• [About this exercise]:
Only certain lines below are wanted: those starting at the line containing "Write out a" and ending at the line containing "- soda box (275,358,358,409)", both included, each retyped exactly.

• [Dataset content]:
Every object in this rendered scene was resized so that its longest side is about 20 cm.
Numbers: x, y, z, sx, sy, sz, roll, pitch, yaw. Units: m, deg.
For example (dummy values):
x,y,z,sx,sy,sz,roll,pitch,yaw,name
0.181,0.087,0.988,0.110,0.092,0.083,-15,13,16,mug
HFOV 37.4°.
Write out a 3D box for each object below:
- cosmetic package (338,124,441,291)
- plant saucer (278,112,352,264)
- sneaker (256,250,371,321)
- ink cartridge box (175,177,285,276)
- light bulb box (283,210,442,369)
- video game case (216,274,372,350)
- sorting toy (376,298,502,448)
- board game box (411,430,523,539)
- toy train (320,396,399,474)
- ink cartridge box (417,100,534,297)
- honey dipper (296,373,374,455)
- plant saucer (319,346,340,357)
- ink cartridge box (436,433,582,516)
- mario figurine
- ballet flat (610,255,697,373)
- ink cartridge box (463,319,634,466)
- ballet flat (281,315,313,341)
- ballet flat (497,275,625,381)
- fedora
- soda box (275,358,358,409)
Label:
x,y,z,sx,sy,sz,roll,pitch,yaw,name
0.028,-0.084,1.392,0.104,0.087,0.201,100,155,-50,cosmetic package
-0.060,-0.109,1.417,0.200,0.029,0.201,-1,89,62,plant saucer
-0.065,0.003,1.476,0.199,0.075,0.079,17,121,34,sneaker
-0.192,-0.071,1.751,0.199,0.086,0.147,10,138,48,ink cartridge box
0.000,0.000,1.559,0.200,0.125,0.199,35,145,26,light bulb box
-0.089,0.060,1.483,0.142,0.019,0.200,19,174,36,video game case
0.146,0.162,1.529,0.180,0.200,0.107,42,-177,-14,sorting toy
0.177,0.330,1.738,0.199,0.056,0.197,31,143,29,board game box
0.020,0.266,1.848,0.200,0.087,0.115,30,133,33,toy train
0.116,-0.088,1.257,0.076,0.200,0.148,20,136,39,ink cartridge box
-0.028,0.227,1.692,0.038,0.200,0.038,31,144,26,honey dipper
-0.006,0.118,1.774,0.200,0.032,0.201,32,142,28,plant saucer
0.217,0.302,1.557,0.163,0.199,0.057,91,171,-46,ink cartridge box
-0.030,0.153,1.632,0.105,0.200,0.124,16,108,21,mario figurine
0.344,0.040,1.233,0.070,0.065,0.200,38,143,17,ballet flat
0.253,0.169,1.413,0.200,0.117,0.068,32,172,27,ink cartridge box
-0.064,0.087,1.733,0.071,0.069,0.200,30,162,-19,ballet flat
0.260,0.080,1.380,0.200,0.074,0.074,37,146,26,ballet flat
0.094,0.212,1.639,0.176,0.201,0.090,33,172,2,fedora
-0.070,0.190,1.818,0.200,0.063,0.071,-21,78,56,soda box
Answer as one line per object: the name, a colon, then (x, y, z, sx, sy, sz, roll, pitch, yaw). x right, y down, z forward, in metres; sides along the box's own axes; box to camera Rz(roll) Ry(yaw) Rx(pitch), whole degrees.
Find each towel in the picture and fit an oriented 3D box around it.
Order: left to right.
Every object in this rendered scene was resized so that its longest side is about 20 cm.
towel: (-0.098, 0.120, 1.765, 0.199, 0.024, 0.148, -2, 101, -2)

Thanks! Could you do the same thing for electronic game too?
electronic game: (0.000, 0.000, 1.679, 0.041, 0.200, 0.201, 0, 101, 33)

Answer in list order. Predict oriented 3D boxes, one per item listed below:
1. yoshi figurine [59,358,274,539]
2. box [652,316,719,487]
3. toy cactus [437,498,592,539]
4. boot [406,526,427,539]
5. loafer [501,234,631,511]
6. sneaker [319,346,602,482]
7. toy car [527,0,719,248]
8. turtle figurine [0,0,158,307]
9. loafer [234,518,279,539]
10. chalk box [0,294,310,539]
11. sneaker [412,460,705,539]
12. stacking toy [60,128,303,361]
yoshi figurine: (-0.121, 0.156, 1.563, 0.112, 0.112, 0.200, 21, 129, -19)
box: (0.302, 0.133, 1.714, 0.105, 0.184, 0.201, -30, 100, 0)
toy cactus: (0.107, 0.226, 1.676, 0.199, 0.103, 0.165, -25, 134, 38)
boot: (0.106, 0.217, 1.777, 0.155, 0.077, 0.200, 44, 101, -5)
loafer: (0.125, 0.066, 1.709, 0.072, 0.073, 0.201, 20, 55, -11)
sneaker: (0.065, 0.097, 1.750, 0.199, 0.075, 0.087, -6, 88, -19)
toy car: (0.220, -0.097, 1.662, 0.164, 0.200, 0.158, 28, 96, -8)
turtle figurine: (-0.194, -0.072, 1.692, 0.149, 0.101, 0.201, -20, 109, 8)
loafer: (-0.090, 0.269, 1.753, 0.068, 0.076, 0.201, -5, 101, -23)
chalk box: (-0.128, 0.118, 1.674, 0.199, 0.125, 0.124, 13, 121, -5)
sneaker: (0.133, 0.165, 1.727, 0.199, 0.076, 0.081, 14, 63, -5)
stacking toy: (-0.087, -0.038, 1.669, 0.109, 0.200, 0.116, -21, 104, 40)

• [Response]:
Write out a 3D box for each object below:
- cosmetic package (338,124,441,291)
- plant saucer (278,112,352,264)
- sneaker (256,250,371,321)
- ink cartridge box (175,177,285,276)
- light bulb box (283,210,442,369)
- video game case (216,274,372,350)
- sorting toy (376,298,502,448)
- board game box (411,430,523,539)
- toy train (320,396,399,474)
- ink cartridge box (417,100,534,297)
- honey dipper (296,373,374,455)
- plant saucer (319,346,340,357)
- ink cartridge box (436,433,582,516)
- mario figurine
- ballet flat (610,255,697,373)
- ink cartridge box (463,319,634,466)
- ballet flat (281,315,313,341)
- ballet flat (497,275,625,381)
- fedora
- soda box (275,358,358,409)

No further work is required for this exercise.